それは、ベッドの真横にある机の上に山積みされている参考書が物語っている。瑠伊には受験という苛酷すぎる現実が待っているのだ。
彼女は、時々だがこんな愚痴を言うようになった。
「はぁー。大学受験なんて止めて、レコード会社関係のオーディションでも受けようかなぁー。トントンと行けば、再来年の長者番付に載るかもしれない」
完全な現実逃避だ。
世の中、プロの歌手でトントンといっても長者番付と新聞に載るのは難しい。
第一、瑠伊が歌手志望なんて言っても、誰が信じてもらえるのだろうか。
彼女はただの受験生ではない。お気楽な愚痴が言えるのも、予備校でやる全国模試で全国トップをキープしている、保証書付きのガリ勉女なのだ。
もちろん志望は、東大である。
その東大志望の彼女にも不安材料がないわけでもない。
トゥルルル、トゥルルル。
「来たか」
絶対に触れたくないと百パーセント言える顔で、瑠伊は電話を見ていた。
トゥルルル、トゥルルル。
トゥルルル、トゥル。
「止まった」
胸を撫で下ろす。
アイスも棒だけになっていた。
瑠伊は再びベッドに身体を預けようと腰を下ろした後、今度は携帯電話の着メロが鳴りだした。
渋々、取りあえず、携帯を手に取った。
「はい、篠原です」
普段なら、こんなにも他人行儀にはならないだろうが、この時は警戒心一杯だった。
そして運の悪いことに、瑠伊の警戒している最悪の事態というのは、ほぼ百パーセントに近い確率で当たってしまうのだ。
『おー、瑠伊か。今、暇か? 』
電話の主は、瑠伊の父であり篠原プロダクションという芸能事務所を経営している、篠原一太郎からだ。
パソコンのソフトのような名前である。
瑠伊は怪訝そうに、
「高校三年の夏に暇なんてないの」
父の問い掛けに速答した。
『でも、電話に出れるだけ暇だな。
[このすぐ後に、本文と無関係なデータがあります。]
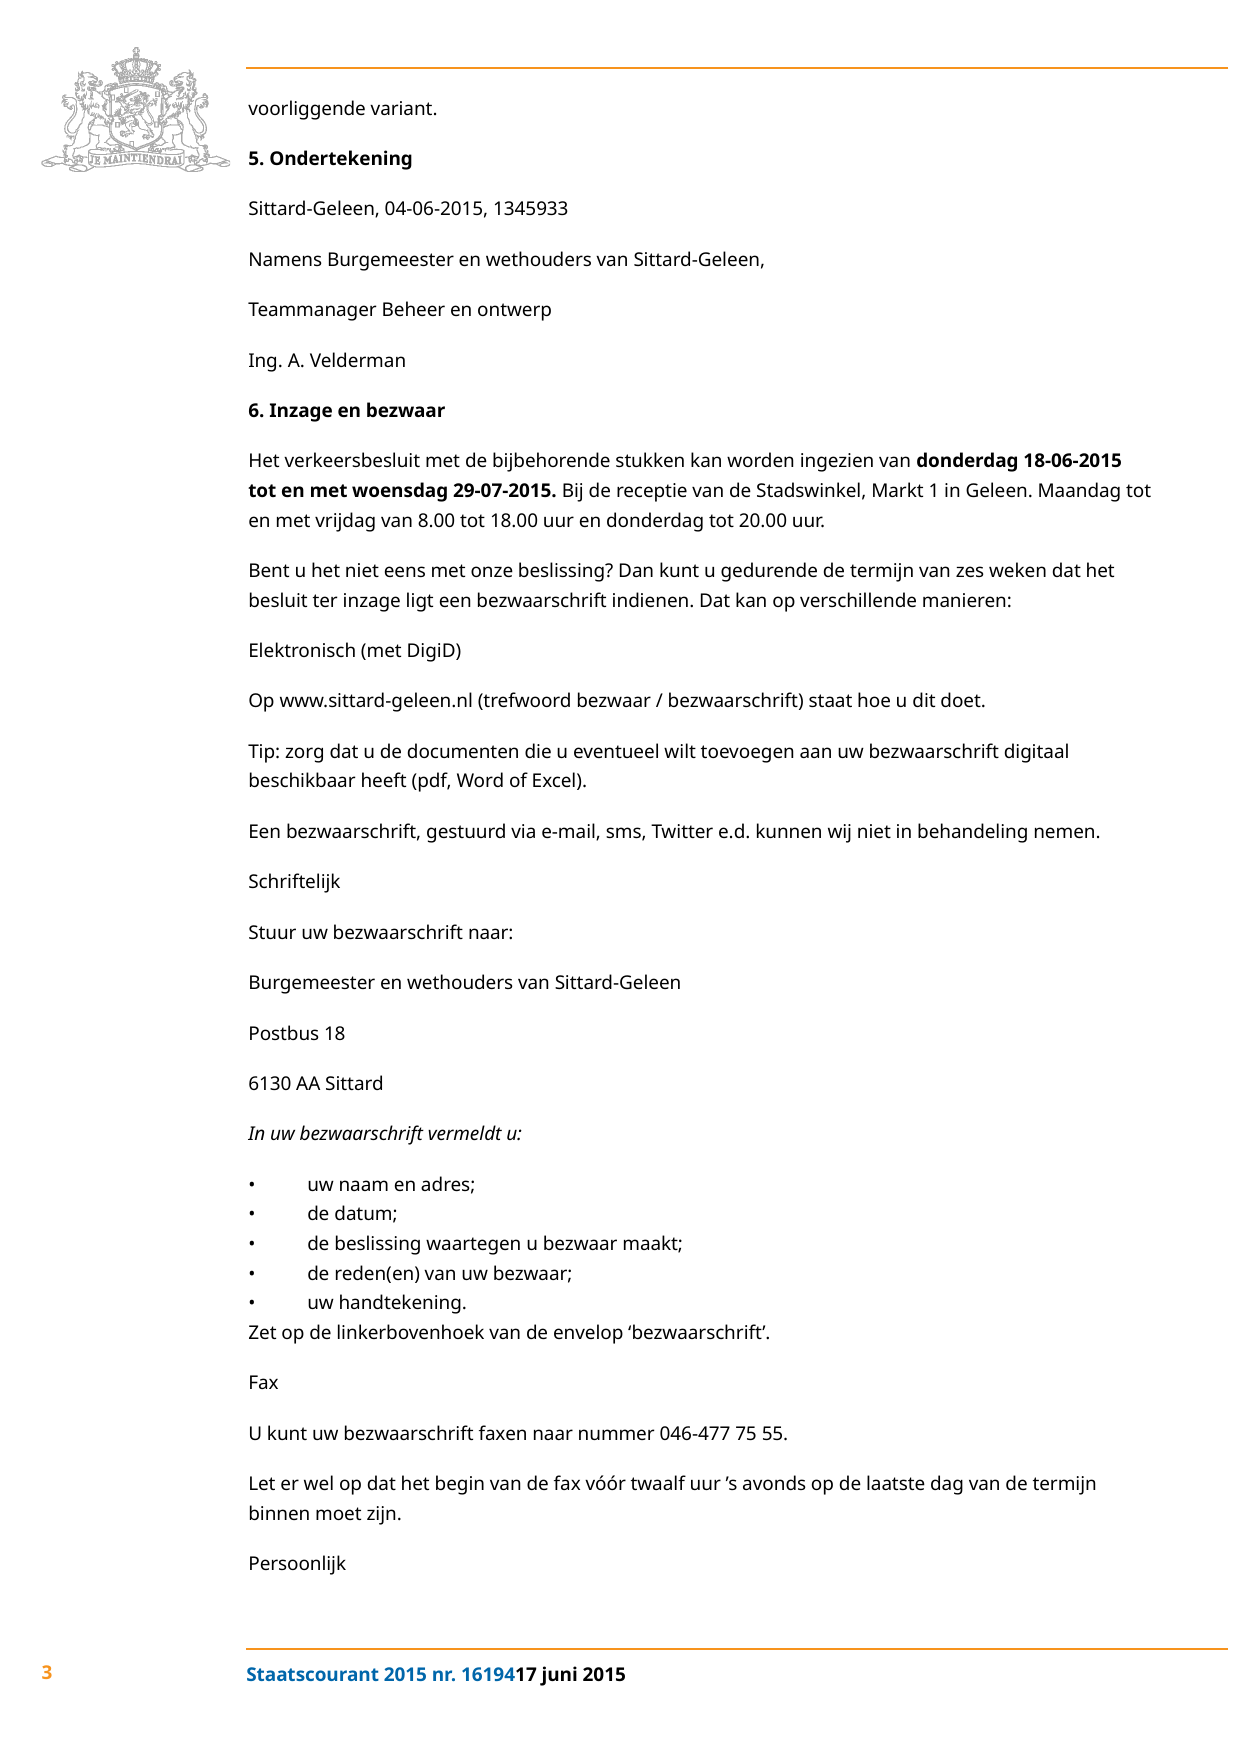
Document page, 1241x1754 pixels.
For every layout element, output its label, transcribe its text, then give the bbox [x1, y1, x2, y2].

text 6130 AA Sittard [248, 1070, 1152, 1096]
text Tip: zorg dat u de documenten die u eventueel wilt toevoegen aan uw bezwaarschrift digitaal beschikbaar heeft (pdf, Word of Excel). [248, 738, 1152, 793]
text Stuur uw bezwaarschrift naar: [248, 919, 1152, 945]
text voorliggende variant. [248, 95, 1152, 121]
text Schriftelijk [248, 868, 1152, 894]
text Sittard-Geleen, 04-06-2015, 1345933 [248, 196, 1152, 221]
text Burgemeester en wethouders van Sittard-Geleen [248, 969, 1152, 995]
list de reden(en) van uw bezwaar; [248, 1260, 1152, 1286]
list de beslissing waartegen u bezwaar maakt; [248, 1230, 1152, 1256]
list de datum; [248, 1201, 1152, 1226]
text 6. Inzage en bezwaar [248, 397, 1152, 423]
text Een bezwaarschrift, gestuurd via e-mail, sms, Twitter e.d. kunnen wij niet in behandeling nemen. [248, 818, 1152, 844]
text Zet op de linkerbovenhoek van de envelop ‘bezwaarschrift’. [248, 1319, 1152, 1345]
text Bent u het niet eens met onze beslissing? Dan kunt u gedurende de termijn van zes weken dat het besluit ter inzage ligt een bezwaarschrift indienen. Dat kan op verschillende manieren: [248, 557, 1152, 613]
list uw naam en adres; [248, 1171, 1152, 1197]
text U kunt uw bezwaarschrift faxen naar nummer 046-477 75 55. [248, 1420, 1152, 1446]
picture [41, 47, 231, 172]
text Namens Burgemeester en wethouders van Sittard-Geleen, [248, 246, 1152, 272]
text Ing. A. Velderman [248, 347, 1152, 373]
text Teammanager Beheer en ontwerp [248, 296, 1152, 322]
text In uw bezwaarschrift vermeldt u: [248, 1121, 1152, 1146]
text Op www.sittard-geleen.nl (trefwoord bezwaar / bezwaarschrift) staat hoe u dit doet. [248, 688, 1152, 713]
text Fax [248, 1369, 1152, 1395]
text Het verkeersbesluit met de bijbehorende stukken kan worden ingezien van donderdag 18-06-2015 tot en met woensdag 29-07-2015. Bij de receptie van de Stadswinkel, Markt 1 in Geleen. Maandag tot en met vrijdag van 8.00 tot 18.00 uur en donderdag tot 20.00 uur. [248, 448, 1152, 533]
list uw handtekening. [248, 1289, 1152, 1315]
text 5. Ondertekening [248, 145, 1152, 171]
text Let er wel op dat het begin van de fax vóór twaalf uur ’s avonds op de laatste dag van de termijn binnen moet zijn. [248, 1470, 1152, 1526]
text Postbus 18 [248, 1020, 1152, 1046]
text Persoonlijk [248, 1550, 1152, 1576]
text Elektronisch (met DigiD) [248, 637, 1152, 663]
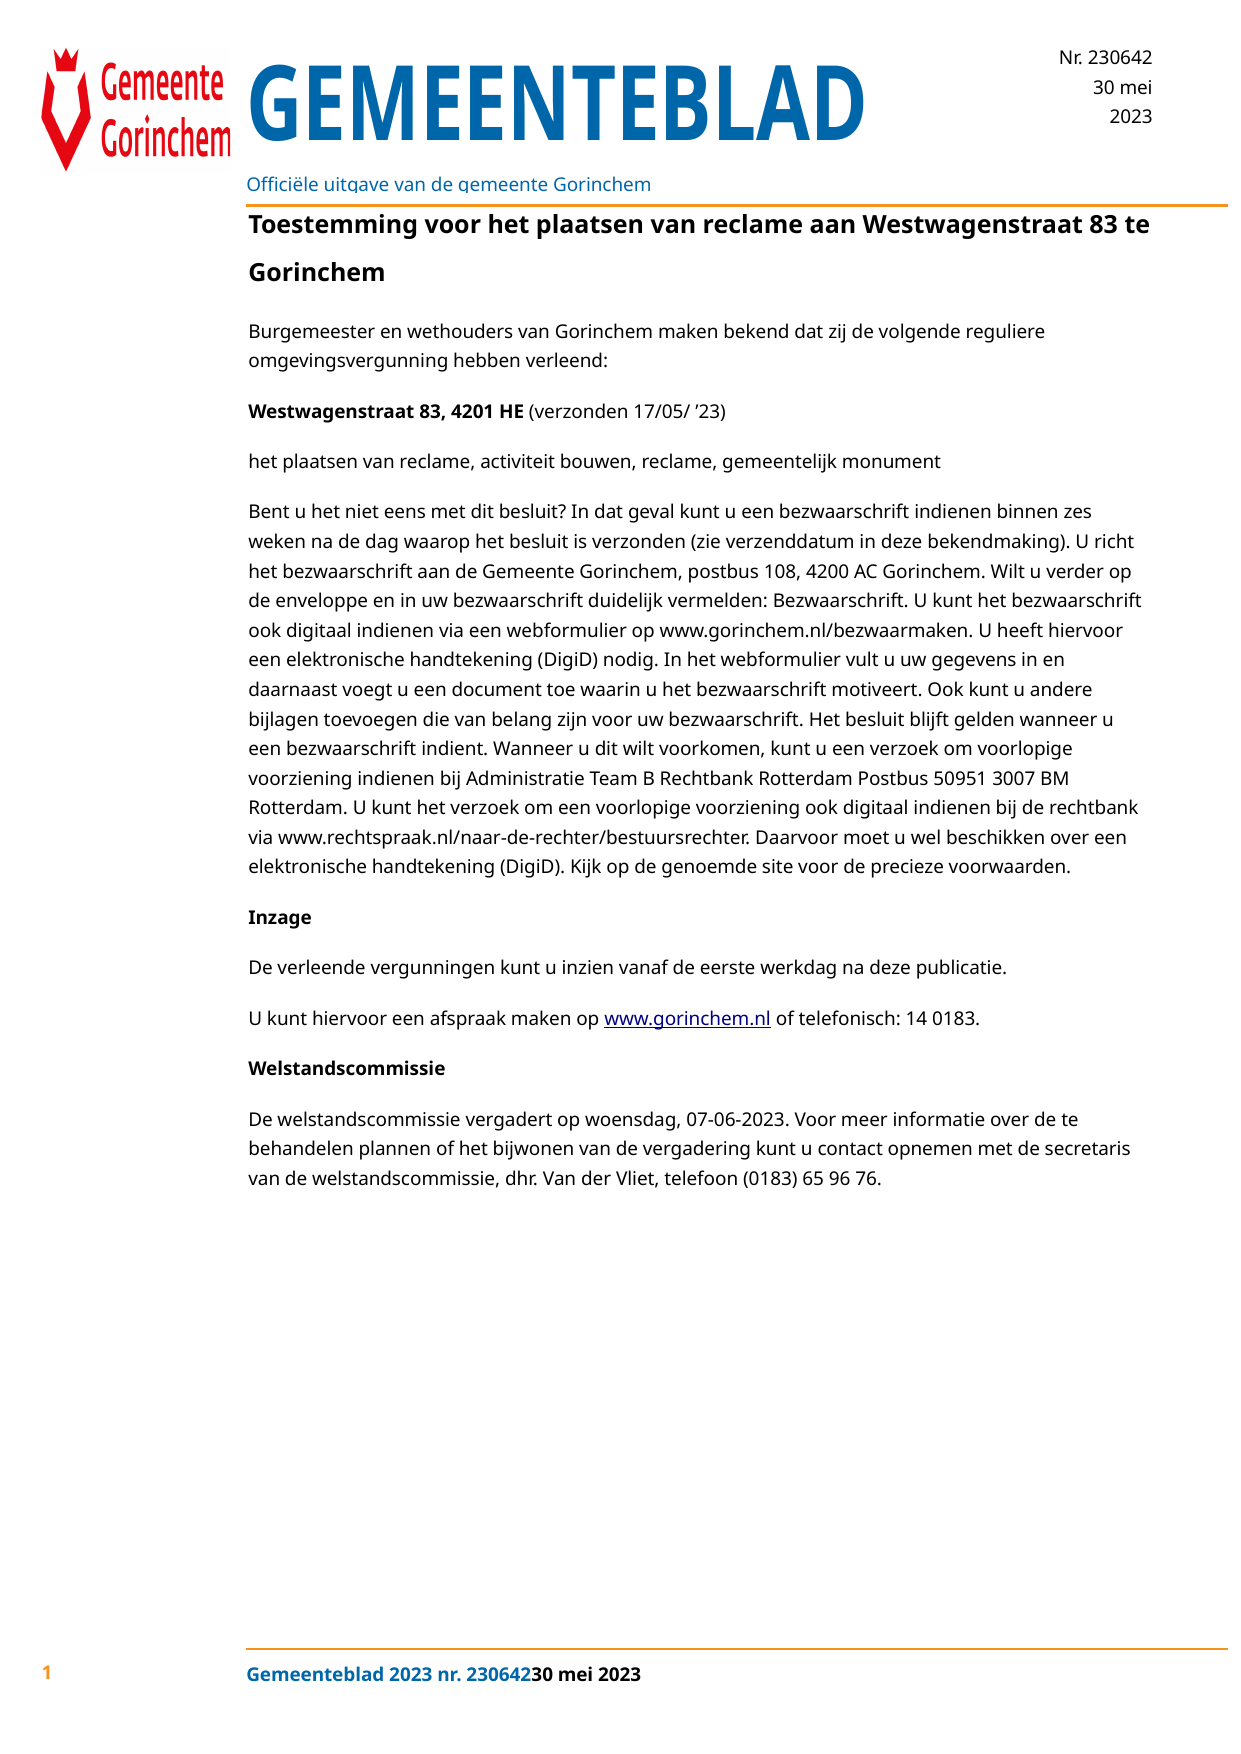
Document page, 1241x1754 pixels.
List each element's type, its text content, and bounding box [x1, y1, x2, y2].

text Toestemming voor het plaatsen van reclame aan Westwagenstraat 83 te Gorinchem [248, 207, 1152, 288]
text het plaatsen van reclame, activiteit bouwen, reclame, gemeentelijk monument [248, 448, 1152, 474]
text Inzage [248, 904, 1152, 930]
text Welstandscommissie [248, 1055, 1152, 1081]
picture [41, 47, 231, 172]
text Westwagenstraat 83, 4201 HE (verzonden 17/05/ ’23) [248, 398, 1152, 424]
text U kunt hiervoor een afspraak maken op www.gorinchem.nl of telefonisch: 14 0183. [248, 1005, 1152, 1031]
text De verleende vergunningen kunt u inzien vanaf de eerste werkdag na deze publicatie. [248, 954, 1152, 980]
text Bent u het niet eens met dit besluit? In dat geval kunt u een bezwaarschrift indienen binnen zes weken na de dag waarop het besluit is verzonden (zie verzenddatum in deze bekendmaking). U richt het bezwaarschrift aan de Gemeente Gorinchem, postbus 108, 4200 AC Gorinchem. Wilt u verder op de enveloppe en in uw bezwaarschrift duidelijk vermelden: Bezwaarschrift. U kunt het bezwaarschrift ook digitaal indienen via een webformulier op www.gorinchem.nl/bezwaarmaken. U heeft hiervoor een elektronische handtekening (DigiD) nodig. In het webformulier vult u uw gegevens in en daarnaast voegt u een document toe waarin u het bezwaarschrift motiveert. Ook kunt u andere bijlagen toevoegen die van belang zijn voor uw bezwaarschrift. Het besluit blijft gelden wanneer u een bezwaarschrift indient. Wanneer u dit wilt voorkomen, kunt u een verzoek om voorlopige voorziening indienen bij Administratie Team B Rechtbank Rotterdam Postbus 50951 3007 BM Rotterdam. U kunt het verzoek om een voorlopige voorziening ook digitaal indienen bij de rechtbank via www.rechtspraak.nl/naar-de-rechter/bestuursrechter. Daarvoor moet u wel beschikken over een elektronische handtekening (DigiD). Kijk op de genoemde site voor de precieze voorwaarden. [248, 499, 1152, 879]
text Burgemeester en wethouders van Gorinchem maken bekend dat zij de volgende reguliere omgevingsvergunning hebben verleend: [248, 318, 1152, 373]
text De welstandscommissie vergadert op woensdag, 07-06-2023. Voor meer informatie over de te behandelen plannen of het bijwonen van de vergadering kunt u contact opnemen met de secretaris van de welstandscommissie, dhr. Van der Vliet, telefoon (0183) 65 96 76. [248, 1106, 1152, 1191]
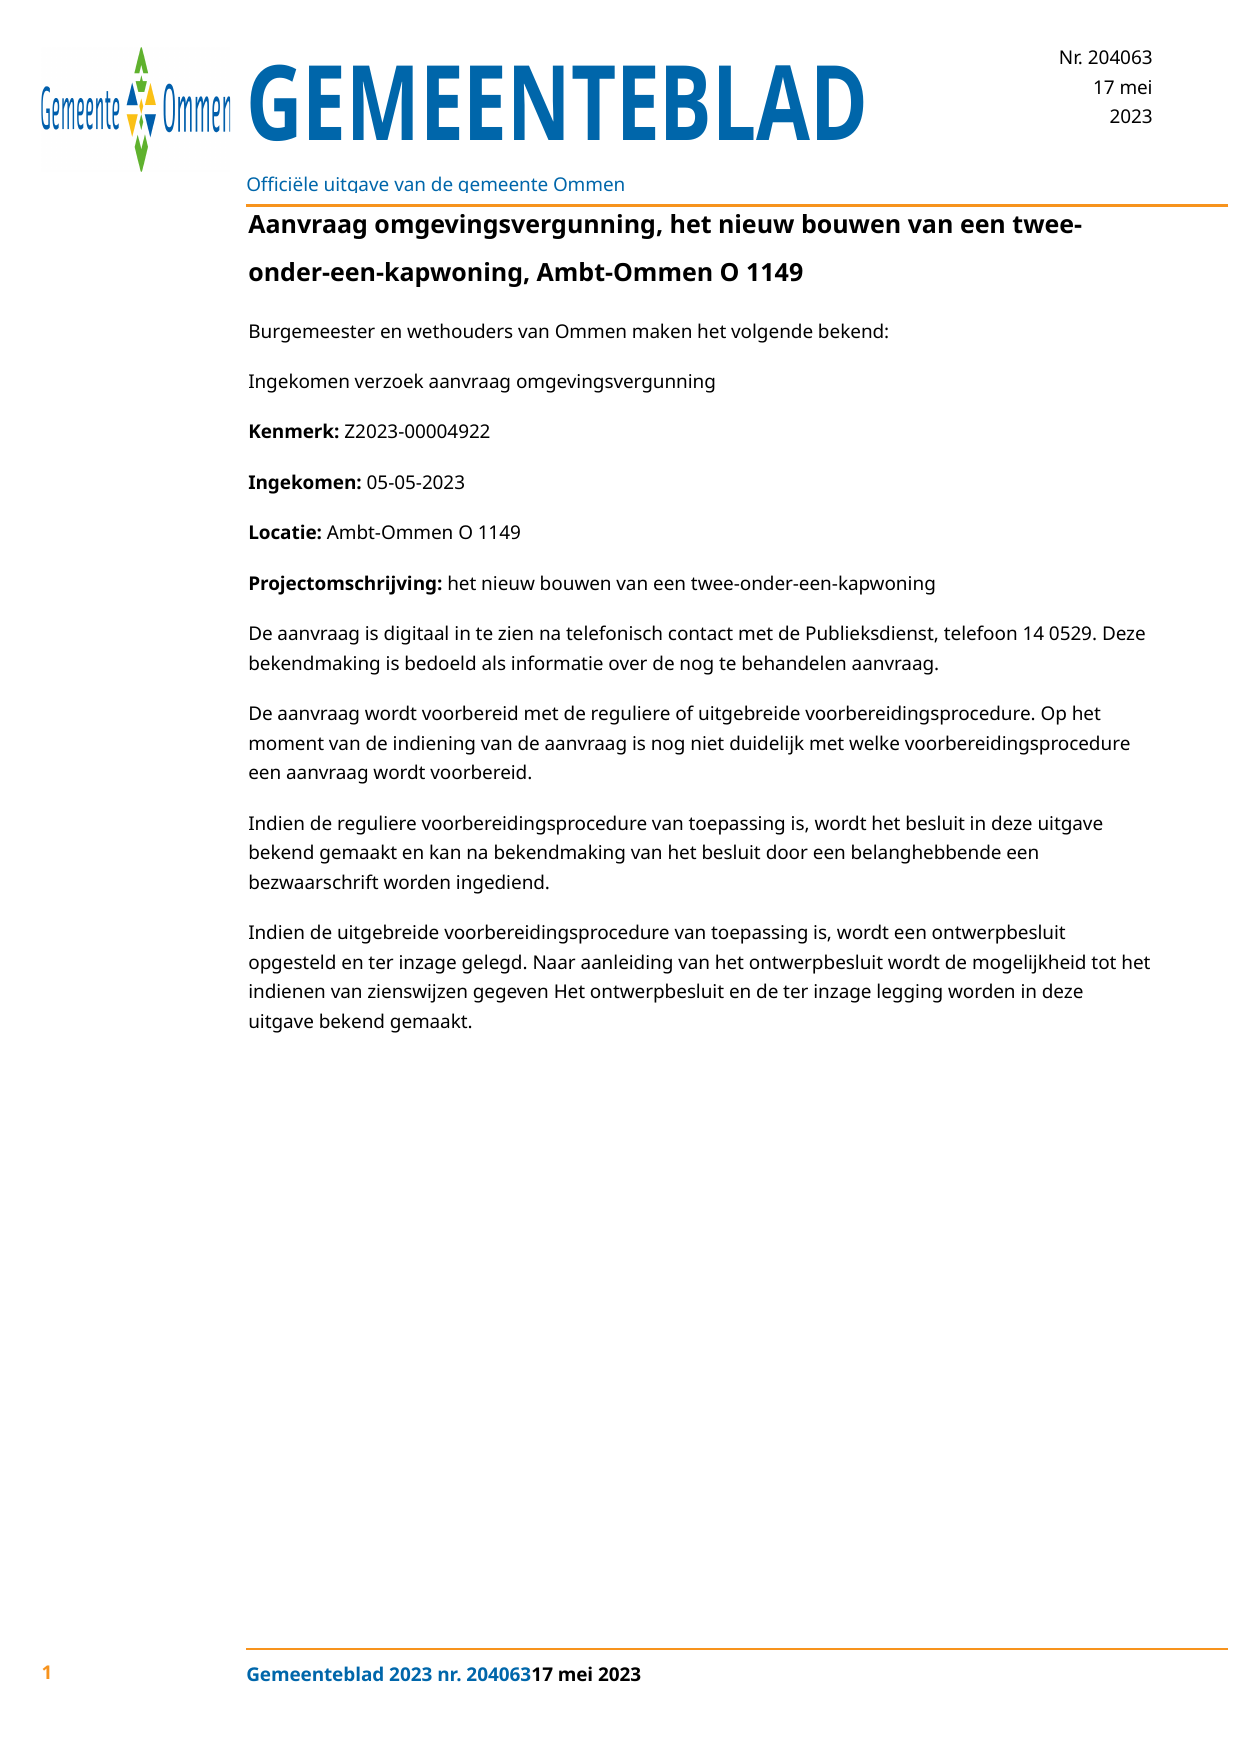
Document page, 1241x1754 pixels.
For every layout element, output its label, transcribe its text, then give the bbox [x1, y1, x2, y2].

text Burgemeester en wethouders van Ommen maken het volgende bekend: [248, 318, 1152, 344]
picture [41, 47, 231, 172]
text De aanvraag is digitaal in te zien na telefonisch contact met de Publieksdienst, telefoon 14 0529. Deze bekendmaking is bedoeld als informatie over de nog te behandelen aanvraag. [248, 620, 1152, 676]
text Projectomschrijving: het nieuw bouwen van een twee-onder-een-kapwoning [248, 570, 1152, 596]
text Aanvraag omgevingsvergunning, het nieuw bouwen van een twee-onder-een-kapwoning, Ambt-Ommen O 1149 [248, 207, 1152, 288]
text Locatie: Ambt-Ommen O 1149 [248, 519, 1152, 545]
text Ingekomen: 05-05-2023 [248, 469, 1152, 495]
text De aanvraag wordt voorbereid met de reguliere of uitgebreide voorbereidingsprocedure. Op het moment van de indiening van de aanvraag is nog niet duidelijk met welke voorbereidingsprocedure een aanvraag wordt voorbereid. [248, 700, 1152, 785]
text Ingekomen verzoek aanvraag omgevingsvergunning [248, 368, 1152, 394]
text Kenmerk: Z2023-00004922 [248, 419, 1152, 444]
text Indien de reguliere voorbereidingsprocedure van toepassing is, wordt het besluit in deze uitgave bekend gemaakt en kan na bekendmaking van het besluit door een belanghebbende een bezwaarschrift worden ingediend. [248, 810, 1152, 895]
text Indien de uitgebreide voorbereidingsprocedure van toepassing is, wordt een ontwerpbesluit opgesteld en ter inzage gelegd. Naar aanleiding van het ontwerpbesluit wordt de mogelijkheid tot het indienen van zienswijzen gegeven Het ontwerpbesluit en de ter inzage legging worden in deze uitgave bekend gemaakt. [248, 919, 1152, 1034]

丁度いいから、また例の場所に来てくれんか? 一人足りなくて困ってるんだ』
やはり、そう来たか。
頭の中では、すでに話が見えていた。
それでも、瑠伊は抵抗を試みる。
「困るのなら、一人でやらせれば!? 」
『それがなぁー、コンテストの再登録が出来ないんだ』
「パパ、社長なんだから出来るでしょ! それに明日は大事な全国模試なのよ、模試」 怒鳴る声が大きくなる。
同時にお隣さんから、「うるさい! 」と苦情が出た。
瑠伊はひたすら謝り、
「ほら、怒られちゃったじゃない! 」
またしても携帯に怒鳴ったが、その時は見事に通話不能になっていた。
携帯を切る。
「逃げたか」
瑠伊は、静かに呟いた。
グシャ。
同時に、瑠伊が壊した携帯電話の数が十台目になった。
いとも簡単に握り締めた??
普通の人間、まして十八の女の子では不可能だが、やってしまった。
瑠伊はその残骸をごみ箱に投げ込み、クローゼットの更に奥にあるスポルディングの大きいバッグを持ち、
「もういやだ、こんな生活! 」
他にも普通サイズのバッグを持ち、マンションのドアを勢い良く閉めた。
マンション全体が上下に揺れた。
突発性の地震であると観測された。
その震源地のドアは、砕けていた。
この時、マンションの住人達は瑠伊に声をかけるどころか、反対に瑠伊の形相に一言も言えなかった。